Exercise data Start Marker

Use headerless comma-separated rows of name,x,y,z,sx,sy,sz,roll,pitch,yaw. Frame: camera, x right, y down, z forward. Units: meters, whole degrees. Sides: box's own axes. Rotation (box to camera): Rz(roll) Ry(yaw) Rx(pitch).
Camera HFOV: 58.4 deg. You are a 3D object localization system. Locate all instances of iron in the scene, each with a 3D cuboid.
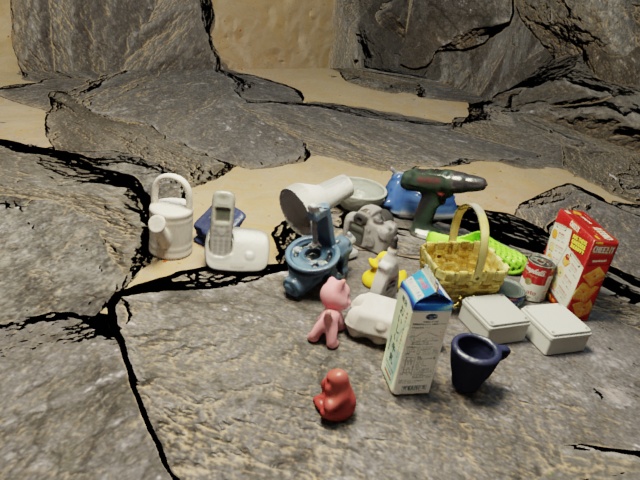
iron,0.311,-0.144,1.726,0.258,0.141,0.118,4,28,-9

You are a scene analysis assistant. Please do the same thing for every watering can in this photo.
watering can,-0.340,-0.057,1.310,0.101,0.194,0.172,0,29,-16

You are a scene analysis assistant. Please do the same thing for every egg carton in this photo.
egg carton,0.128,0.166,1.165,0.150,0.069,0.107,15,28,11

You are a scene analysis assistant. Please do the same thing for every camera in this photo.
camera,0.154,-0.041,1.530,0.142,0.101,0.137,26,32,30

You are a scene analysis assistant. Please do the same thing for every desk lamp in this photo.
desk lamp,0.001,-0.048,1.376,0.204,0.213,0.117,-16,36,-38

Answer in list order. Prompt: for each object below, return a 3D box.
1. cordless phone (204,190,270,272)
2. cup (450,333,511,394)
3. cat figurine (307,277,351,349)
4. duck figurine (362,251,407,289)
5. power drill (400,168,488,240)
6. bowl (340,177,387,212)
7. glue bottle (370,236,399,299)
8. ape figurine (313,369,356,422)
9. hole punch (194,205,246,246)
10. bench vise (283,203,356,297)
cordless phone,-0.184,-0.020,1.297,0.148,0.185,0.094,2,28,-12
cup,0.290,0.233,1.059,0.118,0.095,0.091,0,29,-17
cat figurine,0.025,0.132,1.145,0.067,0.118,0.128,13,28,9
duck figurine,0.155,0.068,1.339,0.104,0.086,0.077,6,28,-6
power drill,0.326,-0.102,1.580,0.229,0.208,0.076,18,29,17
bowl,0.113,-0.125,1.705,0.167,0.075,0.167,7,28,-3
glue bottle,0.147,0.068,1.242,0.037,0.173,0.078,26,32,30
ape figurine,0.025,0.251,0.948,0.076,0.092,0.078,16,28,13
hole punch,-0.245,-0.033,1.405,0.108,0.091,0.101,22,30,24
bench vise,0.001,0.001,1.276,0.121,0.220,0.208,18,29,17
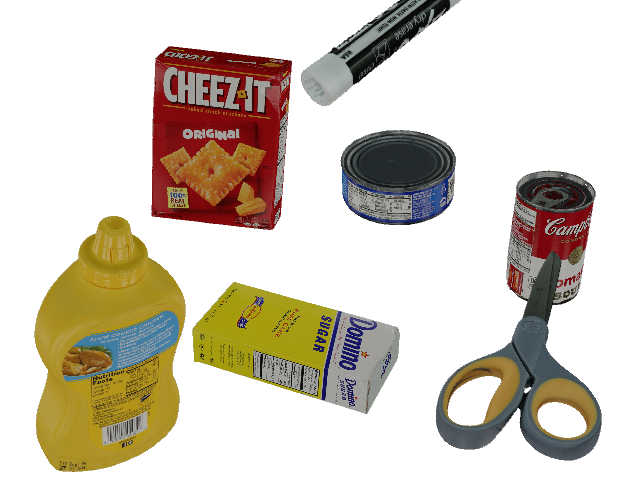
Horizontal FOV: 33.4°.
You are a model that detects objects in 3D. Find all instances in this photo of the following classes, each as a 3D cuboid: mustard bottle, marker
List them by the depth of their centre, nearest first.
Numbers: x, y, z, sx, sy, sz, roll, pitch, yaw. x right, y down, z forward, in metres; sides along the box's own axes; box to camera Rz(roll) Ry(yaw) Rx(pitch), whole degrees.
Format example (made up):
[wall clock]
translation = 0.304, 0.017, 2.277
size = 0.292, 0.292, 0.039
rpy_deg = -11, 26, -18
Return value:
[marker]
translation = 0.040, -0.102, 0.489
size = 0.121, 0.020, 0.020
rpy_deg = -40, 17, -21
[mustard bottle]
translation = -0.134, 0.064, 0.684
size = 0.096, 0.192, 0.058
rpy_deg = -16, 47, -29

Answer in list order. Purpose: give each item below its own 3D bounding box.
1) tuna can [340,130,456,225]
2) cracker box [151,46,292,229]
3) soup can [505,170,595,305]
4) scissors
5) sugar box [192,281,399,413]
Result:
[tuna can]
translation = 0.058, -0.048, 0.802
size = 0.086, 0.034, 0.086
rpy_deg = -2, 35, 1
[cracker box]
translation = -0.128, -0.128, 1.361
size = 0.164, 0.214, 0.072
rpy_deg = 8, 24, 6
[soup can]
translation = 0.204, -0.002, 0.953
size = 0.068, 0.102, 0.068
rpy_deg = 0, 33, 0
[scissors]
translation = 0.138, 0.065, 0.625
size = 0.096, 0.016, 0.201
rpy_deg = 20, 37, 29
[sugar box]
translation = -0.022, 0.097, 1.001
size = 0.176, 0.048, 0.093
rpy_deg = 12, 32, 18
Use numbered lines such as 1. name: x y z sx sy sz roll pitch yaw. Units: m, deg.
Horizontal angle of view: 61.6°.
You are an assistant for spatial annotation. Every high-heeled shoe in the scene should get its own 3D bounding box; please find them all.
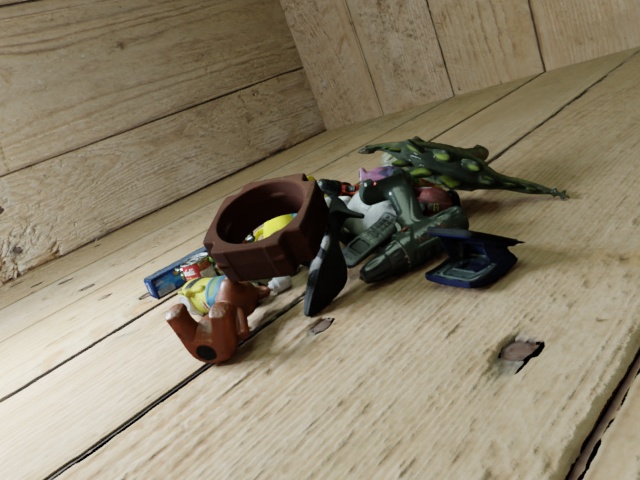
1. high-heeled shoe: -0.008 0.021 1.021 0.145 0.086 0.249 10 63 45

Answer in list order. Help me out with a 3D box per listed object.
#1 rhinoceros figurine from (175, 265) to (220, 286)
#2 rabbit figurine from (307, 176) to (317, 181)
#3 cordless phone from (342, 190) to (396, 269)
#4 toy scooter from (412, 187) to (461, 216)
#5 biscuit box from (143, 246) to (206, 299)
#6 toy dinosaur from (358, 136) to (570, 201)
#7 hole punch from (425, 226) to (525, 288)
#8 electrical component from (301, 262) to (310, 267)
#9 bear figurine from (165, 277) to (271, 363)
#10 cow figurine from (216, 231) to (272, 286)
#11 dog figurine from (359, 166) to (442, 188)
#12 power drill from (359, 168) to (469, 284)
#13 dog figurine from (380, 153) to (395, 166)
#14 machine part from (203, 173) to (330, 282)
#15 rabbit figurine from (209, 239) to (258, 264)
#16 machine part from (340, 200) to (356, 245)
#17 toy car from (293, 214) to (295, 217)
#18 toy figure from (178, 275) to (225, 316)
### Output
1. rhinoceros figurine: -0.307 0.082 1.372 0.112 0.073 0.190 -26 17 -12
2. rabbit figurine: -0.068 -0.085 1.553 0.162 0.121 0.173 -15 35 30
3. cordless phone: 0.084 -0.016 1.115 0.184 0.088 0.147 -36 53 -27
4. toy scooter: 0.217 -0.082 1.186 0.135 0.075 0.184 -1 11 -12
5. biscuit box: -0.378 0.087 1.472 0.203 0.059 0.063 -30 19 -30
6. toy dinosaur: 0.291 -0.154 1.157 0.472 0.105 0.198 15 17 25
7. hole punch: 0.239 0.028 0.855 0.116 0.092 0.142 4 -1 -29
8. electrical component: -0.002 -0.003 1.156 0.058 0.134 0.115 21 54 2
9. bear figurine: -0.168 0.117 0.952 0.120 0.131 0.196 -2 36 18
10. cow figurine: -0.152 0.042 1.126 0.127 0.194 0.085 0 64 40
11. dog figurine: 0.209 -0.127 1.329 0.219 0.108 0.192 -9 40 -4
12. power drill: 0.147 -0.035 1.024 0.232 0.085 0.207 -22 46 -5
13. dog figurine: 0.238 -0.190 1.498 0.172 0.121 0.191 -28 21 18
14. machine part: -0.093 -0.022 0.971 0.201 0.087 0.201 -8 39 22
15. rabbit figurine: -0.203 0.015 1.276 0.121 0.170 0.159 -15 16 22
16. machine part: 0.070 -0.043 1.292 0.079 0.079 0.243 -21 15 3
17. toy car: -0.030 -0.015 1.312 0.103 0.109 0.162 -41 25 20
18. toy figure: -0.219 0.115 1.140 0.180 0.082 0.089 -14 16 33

Exercise data End Marker

Activity: From the first line to the last, retype the data exactly, without images.

Task response:
Use headerless comma-separated rows of name,x,y,z,sx,sy,sz,roll,pitch,yaw. Frame: camera, x right, y down, z forward. Units: meters, whole degrees. Sides: box's own axes. Rotation (box to camera): Rz(roll) Ry(yaw) Rx(pitch).
Camera HFOV: 58.4 deg. You are a 3D object localization system. Locate all instances of iron in the scene, each with a 3D cuboid.
iron,0.311,-0.144,1.726,0.258,0.141,0.118,4,28,-9

You are a scene analysis assistant. Please do the same thing for every watering can in this photo.
watering can,-0.340,-0.057,1.310,0.101,0.194,0.172,0,29,-16

You are a scene analysis assistant. Please do the same thing for every egg carton in this photo.
egg carton,0.128,0.166,1.165,0.150,0.069,0.107,15,28,11

You are a scene analysis assistant. Please do the same thing for every camera in this photo.
camera,0.154,-0.041,1.530,0.142,0.101,0.137,26,32,30

You are a scene analysis assistant. Please do the same thing for every desk lamp in this photo.
desk lamp,0.001,-0.048,1.376,0.204,0.213,0.117,-16,36,-38

Answer in list order. Prompt: for each object below, return a 3D box.
1. cordless phone (204,190,270,272)
2. cup (450,333,511,394)
3. cat figurine (307,277,351,349)
4. duck figurine (362,251,407,289)
5. power drill (400,168,488,240)
6. bowl (340,177,387,212)
7. glue bottle (370,236,399,299)
8. ape figurine (313,369,356,422)
9. hole punch (194,205,246,246)
10. bench vise (283,203,356,297)
cordless phone,-0.184,-0.020,1.297,0.148,0.185,0.094,2,28,-12
cup,0.290,0.233,1.059,0.118,0.095,0.091,0,29,-17
cat figurine,0.025,0.132,1.145,0.067,0.118,0.128,13,28,9
duck figurine,0.155,0.068,1.339,0.104,0.086,0.077,6,28,-6
power drill,0.326,-0.102,1.580,0.229,0.208,0.076,18,29,17
bowl,0.113,-0.125,1.705,0.167,0.075,0.167,7,28,-3
glue bottle,0.147,0.068,1.242,0.037,0.173,0.078,26,32,30
ape figurine,0.025,0.251,0.948,0.076,0.092,0.078,16,28,13
hole punch,-0.245,-0.033,1.405,0.108,0.091,0.101,22,30,24
bench vise,0.001,0.001,1.276,0.121,0.220,0.208,18,29,17
Horizontal FOV: 33.4°.
You are a model that detects objects in 3D. Find all instances in this photo of the following classes, each as a 3D cuboid: mustard bottle, marker
List them by the depth of their centre, nearest first.
Numbers: x, y, z, sx, sy, sz, roll, pitch, yaw. x right, y down, z forward, in metres; sides along the box's own axes; box to camera Rz(roll) Ry(yaw) Rx(pitch), whole degrees.
Format example (made up):
[wall clock]
translation = 0.304, 0.017, 2.277
size = 0.292, 0.292, 0.039
rpy_deg = -11, 26, -18
Return value:
[marker]
translation = 0.040, -0.102, 0.489
size = 0.121, 0.020, 0.020
rpy_deg = -40, 17, -21
[mustard bottle]
translation = -0.134, 0.064, 0.684
size = 0.096, 0.192, 0.058
rpy_deg = -16, 47, -29

Answer in list order. Purpose: give each item below its own 3D bounding box.
1) tuna can [340,130,456,225]
2) cracker box [151,46,292,229]
3) soup can [505,170,595,305]
4) scissors
5) sugar box [192,281,399,413]
Result:
[tuna can]
translation = 0.058, -0.048, 0.802
size = 0.086, 0.034, 0.086
rpy_deg = -2, 35, 1
[cracker box]
translation = -0.128, -0.128, 1.361
size = 0.164, 0.214, 0.072
rpy_deg = 8, 24, 6
[soup can]
translation = 0.204, -0.002, 0.953
size = 0.068, 0.102, 0.068
rpy_deg = 0, 33, 0
[scissors]
translation = 0.138, 0.065, 0.625
size = 0.096, 0.016, 0.201
rpy_deg = 20, 37, 29
[sugar box]
translation = -0.022, 0.097, 1.001
size = 0.176, 0.048, 0.093
rpy_deg = 12, 32, 18
Use numbered lines such as 1. name: x y z sx sy sz roll pitch yaw. Units: m, deg.
Horizontal angle of view: 61.6°.
You are an assistant for spatial annotation. Every high-heeled shoe in the scene should get its own 3D bounding box; please find them all.
1. high-heeled shoe: -0.008 0.021 1.021 0.145 0.086 0.249 10 63 45

Answer in list order. Help me out with a 3D box per listed object.
#1 rhinoceros figurine from (175, 265) to (220, 286)
#2 rabbit figurine from (307, 176) to (317, 181)
#3 cordless phone from (342, 190) to (396, 269)
#4 toy scooter from (412, 187) to (461, 216)
#5 biscuit box from (143, 246) to (206, 299)
#6 toy dinosaur from (358, 136) to (570, 201)
#7 hole punch from (425, 226) to (525, 288)
#8 electrical component from (301, 262) to (310, 267)
#9 bear figurine from (165, 277) to (271, 363)
#10 cow figurine from (216, 231) to (272, 286)
#11 dog figurine from (359, 166) to (442, 188)
#12 power drill from (359, 168) to (469, 284)
#13 dog figurine from (380, 153) to (395, 166)
#14 machine part from (203, 173) to (330, 282)
#15 rabbit figurine from (209, 239) to (258, 264)
#16 machine part from (340, 200) to (356, 245)
#17 toy car from (293, 214) to (295, 217)
#18 toy figure from (178, 275) to (225, 316)
### Output
1. rhinoceros figurine: -0.307 0.082 1.372 0.112 0.073 0.190 -26 17 -12
2. rabbit figurine: -0.068 -0.085 1.553 0.162 0.121 0.173 -15 35 30
3. cordless phone: 0.084 -0.016 1.115 0.184 0.088 0.147 -36 53 -27
4. toy scooter: 0.217 -0.082 1.186 0.135 0.075 0.184 -1 11 -12
5. biscuit box: -0.378 0.087 1.472 0.203 0.059 0.063 -30 19 -30
6. toy dinosaur: 0.291 -0.154 1.157 0.472 0.105 0.198 15 17 25
7. hole punch: 0.239 0.028 0.855 0.116 0.092 0.142 4 -1 -29
8. electrical component: -0.002 -0.003 1.156 0.058 0.134 0.115 21 54 2
9. bear figurine: -0.168 0.117 0.952 0.120 0.131 0.196 -2 36 18
10. cow figurine: -0.152 0.042 1.126 0.127 0.194 0.085 0 64 40
11. dog figurine: 0.209 -0.127 1.329 0.219 0.108 0.192 -9 40 -4
12. power drill: 0.147 -0.035 1.024 0.232 0.085 0.207 -22 46 -5
13. dog figurine: 0.238 -0.190 1.498 0.172 0.121 0.191 -28 21 18
14. machine part: -0.093 -0.022 0.971 0.201 0.087 0.201 -8 39 22
15. rabbit figurine: -0.203 0.015 1.276 0.121 0.170 0.159 -15 16 22
16. machine part: 0.070 -0.043 1.292 0.079 0.079 0.243 -21 15 3
17. toy car: -0.030 -0.015 1.312 0.103 0.109 0.162 -41 25 20
18. toy figure: -0.219 0.115 1.140 0.180 0.082 0.089 -14 16 33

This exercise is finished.